2024年元日の能登半島地震と9月の豪雨は、能登半島の農家や畜産業者に直接的な打撃を与え、避難による働き手不足も深刻となっている。国や石川県などは農地復旧や畜舎の再建費用の約9割を補助するといった支援策を用意するが、対象外の被害も多い。農業者らからは、再建に向けた道筋を早期に示すよう行政に求める声が相次ぐ。なりわい再建は道半ばだ。(共同通信=佐藤仁紀、平川裕己、江浜丈裕、磯田伊織)

田んぼに水が引けない

 輪島市の農業法人「川原農産」では水路の破損などにより、管理する約35ヘクタールの田んぼの約9割に水が引けなくなった。元々いた従業員らは生活拠点を県内外に移し、一部は新たななりわいを探し始めた。営農は継続したが、人手不足の中で水稲管理は難しく、収穫量は例年を大幅に下回る。

 代表の川原伸章(かわら・のぶあき)さん(47)は「人が足りないため、外から支援に来る人が寝泊まりできる環境を整備してほしい」と求める。農地の被害は豪雨で拡大し、全容は見えず、今年の田植えの計画も立てられない。「行政には、どこの田んぼが使えるようになるのか、いつ復旧できるのかを示してほしい」

 県や農林水産省の昨年11月時点のまとめでは、被害を確認した農地や農業用施設は7千カ所以上。豪雨でも多くが被災し、県の担当者は「地震で手をつけた復旧事業が豪雨でリセットされた」と話す。県などは11月末、復旧を支援する「奥能登営農復旧・復興センター」を設置。現地調査で農家ごとに営農が再開できる時期を示し、復旧計画を立案するとしている。

支援対象から漏れる被害

 畜産業者の被害も深刻で、県によると、元日の地震では畜舎などの施設損壊が60件以上確認されている。

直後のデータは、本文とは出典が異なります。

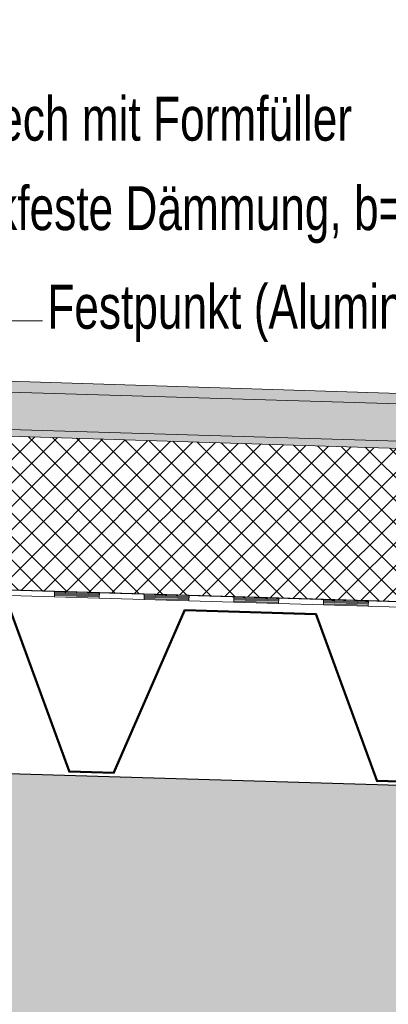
# Model space of a CAD drawing. Header units: metres. Extents: x 1316.5 to 1415.3, y -94.1 to -52.
# Tile 18 of 256: x 1318.623 to 1318.958, y -55.711 to -54.814. Entities that reach past the tile are written whole.
import ezdxf

# ---------------------------------------------------------------- set-up
doc = ezdxf.new("R2010")
doc.units = ezdxf.units.M
doc.linetypes.add('AUSGEZOGEN', pattern=[0])
for name, color, linetype, lineweight in [('XR$7$Allgemein', 4, 'AUSGEZOGEN', 13), ('XR$7$Dach', 3, 'AUSGEZOGEN', 18), ('XR$7$Design', 4, 'AUSGEZOGEN', 13), ('XR$7$KALZIP', 7, 'AUSGEZOGEN', 13), ('XR$7$Möblierung', 4, 'AUSGEZOGEN', 13), ('XR$7$Text 1_100', 3, 'AUSGEZOGEN', 18)]:
    doc.layers.add(name, color=color, linetype=linetype, lineweight=lineweight)
doc.styles.add('ARIAL', font='arial.ttf')

# ---------------------------------------------------------------- blocks, each defined once
blk = doc.blocks.new('MUSTERELEMENT_57')
at = {"layer": 'XR$7$Design', "color": 4, "linetype": 'AUSGEZOGEN', "lineweight": 13, "transparency": 33554687}
for p, q in [((1318.69556, -55.33569), (1318.61398, -55.33324)), ((1318.65477, -55.33447), (1318.65462, -55.33946)), ((1318.69547, -55.33869), (1318.65468, -55.33746)), ((1318.6955, -55.33769), (1318.65471, -55.33647)), ((1318.69553, -55.33669), (1318.65474, -55.33547)), ((1318.69556, -55.33569), (1318.69541, -55.34069)), ((1318.69556, -55.33569), (1318.69541, -55.34069)), ((1318.77714, -55.33814), (1318.69556, -55.33569)), ((1318.73635, -55.33691), (1318.7362, -55.34191)), ((1318.69541, -55.34069), (1318.61383, -55.33824)), ((1318.69544, -55.33969), (1318.65465, -55.33846)), ((1318.77699, -55.34313), (1318.69541, -55.34069)), ((1318.77702, -55.34214), (1318.73623, -55.34091)), ((1318.77705, -55.34114), (1318.73626, -55.33991)), ((1318.77708, -55.34014), (1318.73629, -55.33891)), ((1318.77711, -55.33914), (1318.73632, -55.33791)), ((1318.77714, -55.33814), (1318.77699, -55.34313)), ((1318.77714, -55.33814), (1318.77699, -55.34313)), ((1318.85857, -55.34558), (1318.77699, -55.34313)), ((1318.85872, -55.34058), (1318.77714, -55.33814)), ((1318.81793, -55.33936), (1318.81778, -55.34436)), ((1318.8586, -55.34458), (1318.81781, -55.34336)), ((1318.85863, -55.34358), (1318.81784, -55.34236)), ((1318.85866, -55.34258), (1318.81787, -55.34136)), ((1318.85869, -55.34158), (1318.8179, -55.34036)), ((1318.85872, -55.34058), (1318.85857, -55.34558)), ((1318.85872, -55.34058), (1318.85857, -55.34558)), ((1318.94015, -55.34803), (1318.85857, -55.34558)), ((1318.9403, -55.34303), (1318.85872, -55.34058)), ((1318.89951, -55.34181), (1318.89936, -55.34681)), ((1318.94018, -55.34703), (1318.89939, -55.34581)), ((1318.94021, -55.34603), (1318.89942, -55.34481)), ((1318.94024, -55.34503), (1318.89945, -55.34381)), ((1318.94027, -55.34403), (1318.89948, -55.34281)), ((1318.9403, -55.34303), (1318.94015, -55.34803)), ((1318.9403, -55.34303), (1318.94015, -55.34803)), ((1319.02187, -55.34548), (1318.9403, -55.34303)), ((1319.02172, -55.35048), (1318.94015, -55.34803))]:
    blk.add_line(p, q, dxfattribs=at)

msp = doc.modelspace()

# ---------------------------------------------------------------- hatches: boundary and pattern name
at = {"layer": 'XR$7$Allgemein', "linetype": 'AUSGEZOGEN', "lineweight": 13, "transparency": 33554687}
h = msp.add_hatch(dxfattribs=at)
h.set_pattern_fill('SCHRAFFUR_6', color=4, scale=0.01, style=0, pattern_type=2)
h.set_pattern_definition([(45, (0, 0), (-0.01060660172, 0.01060660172), []), (135, (0, 0), (-0.01060660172, -0.01060660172), [])])
h.paths.add_polyline_path([(1318.41482, -55.32742), (1319.67434, -55.36521), (1319.67434, -55.22701), (1318.41482, -55.18685)], flags=0)
at = {"layer": 'XR$7$Möblierung', "linetype": 'AUSGEZOGEN', "lineweight": 13, "transparency": 33554687}
msp.add_hatch(color=254, dxfattribs=at).paths.add_polyline_path([(1318.12139, -55.12749), (1318.12097, -55.14358), (1318.12097, -55.14414), (1318.1226, -55.14771), (1318.15409, -55.17586), (1318.15637, -55.17741), (1318.15816, -55.17828), (1318.16031, -55.1787), (1318.16192, -55.17879), (1319.67434, -55.22701), (1319.67434, -55.17699)])
at = {"layer": 'XR$7$Möblierung', "linetype": 'AUSGEZOGEN', "lineweight": 13, "true_color": 0xb9a483, "transparency": 33554687}
msp.add_hatch(color=33, dxfattribs=at).paths.add_polyline_path([(1318.3417, -55.53231), (1318.5917, -55.53231), (1318.5917, -56.70231), (1319.67434, -56.70231), (1319.67434, -55.53228), (1318.3417, -55.49231)])

# ---------------------------------------------------------------- linework, layer by layer
at = {"layer": 'XR$7$Dach', "color": 7, "linetype": 'AUSGEZOGEN', "lineweight": 25, "transparency": 33554687}
msp.add_line((1318.3417, -55.49231), (1319.67434, -55.53228), dxfattribs=at)
for points in [[(1318.1954, -55.37464), (1318.21318, -55.33387), (1318.33312, -55.33755), (1318.38849, -55.48932), (1318.42847, -55.49055), (1318.49304, -55.34246), (1318.61299, -55.34614), (1318.66836, -55.49791), (1318.70834, -55.49914), (1318.77291, -55.35105), (1318.89286, -55.35473), (1318.94823, -55.50649), (1318.98821, -55.50772), (1319.05278, -55.35963), (1319.17272, -55.36331), (1319.2281, -55.51508), (1319.26808, -55.51631), (1319.33265, -55.36822), (1319.45259, -55.3719), (1319.50796, -55.52367), (1319.54795, -55.52489), (1319.61252, -55.3768), (1319.67434, -55.3787)], [(1318.19621, -55.37499), (1318.21374, -55.33477), (1318.3325, -55.33842), (1318.38787, -55.49018), (1318.42904, -55.49145), (1318.49361, -55.34336), (1318.61237, -55.347), (1318.66774, -55.49877), (1318.70891, -55.50003), (1318.77348, -55.35194), (1318.89223, -55.35559), (1318.94761, -55.50736), (1318.98878, -55.50862), (1319.05335, -55.36053), (1319.1721, -55.36417), (1319.22747, -55.51594), (1319.26865, -55.5172), (1319.33322, -55.36912), (1319.45197, -55.37276), (1319.50734, -55.52453), (1319.54851, -55.52579), (1319.61309, -55.3777), (1319.67434, -55.37958)]]:
    msp.add_lwpolyline(points, dxfattribs=at)
at = {"layer": 'XR$7$Design', "color": 4, "linetype": 'AUSGEZOGEN', "lineweight": 13, "transparency": 33554687}
msp.add_line((1318.64389, -55.08814), (1318.59396, -55.08814), dxfattribs=at)
at = {"layer": 'XR$7$Design', "color": 4, "lineweight": 13, "transparency": 33554687}
msp.add_line((1319.67434, -55.36521), (1318.20595, -55.32116), dxfattribs=at)
at = {"layer": 'XR$7$KALZIP', "transparency": 33554687}
for p, q in [((1319.67434, -55.17699), (1318.27663, -55.13242)), ((1319.67434, -55.18505), (1318.27604, -55.14311)), ((1319.67434, -55.22701), (1318.16192, -55.17879)), ((1319.67434, -55.21914), (1318.27487, -55.17716))]:
    msp.add_line(p, q, dxfattribs=at)

# ---------------------------------------------------------------- block references
at = {"layer": 'XR$7$Design', "color": 4, "linetype": 'AUSGEZOGEN', "lineweight": 13, "transparency": 33554687}
msp.add_blockref('MUSTERELEMENT_57', (0, 0), dxfattribs=at)

# ---------------------------------------------------------------- texts
at = {"layer": 'XR$7$Text 1_100', "color": 3, "linetype": 'AUSGEZOGEN', "lineweight": 18, "transparency": 33554687, "char_height": 0.04, "attachment_point": 7, "style": 'ARIAL'}
for s, insert, width in [('\\W0.72;Schließblech mit Formfüller', (1318.43805, -54.9248), 0.5000642), ('\\W0.72;druckfeste Dämmung, b=20cm', (1318.52247, -55.01772), 0.5610074), ('\\W0.72;Festpunkt (Aluminium) mit Thermokappe', (1318.64814, -55.10748), 0.7381567)]:
    msp.add_mtext(s, dxfattribs=dict(at, insert=insert, width=width))

doc.saveas('drawing.dxf')

 県内最大規模の約千頭の能登牛を飼育する能登町の「能登牧場」は四つの牛舎全てが半壊か準半壊と認定された。うち半壊となった牛舎の再建費用の9割は国などが支援するが、敷地内の壊れた道路舗装などは支援の対象外だ。施設全体の復旧に向け約2億円の自己負担を余儀なくされた。牧場主の平林将(ひらばやし・まさる)さん(41)は「前例や法律にとらわれない実態に合った支援をお願いしたい」と強調した。

「漁に出られることが第一歩」

 地震により、石川県輪島、珠洲両市などの多くの漁港では海底隆起や護岸損傷が確認された。漁は各地で順次再開されたが、県によると、北部主要港の2024年9月までの漁獲量は対前年比56%にとどまる。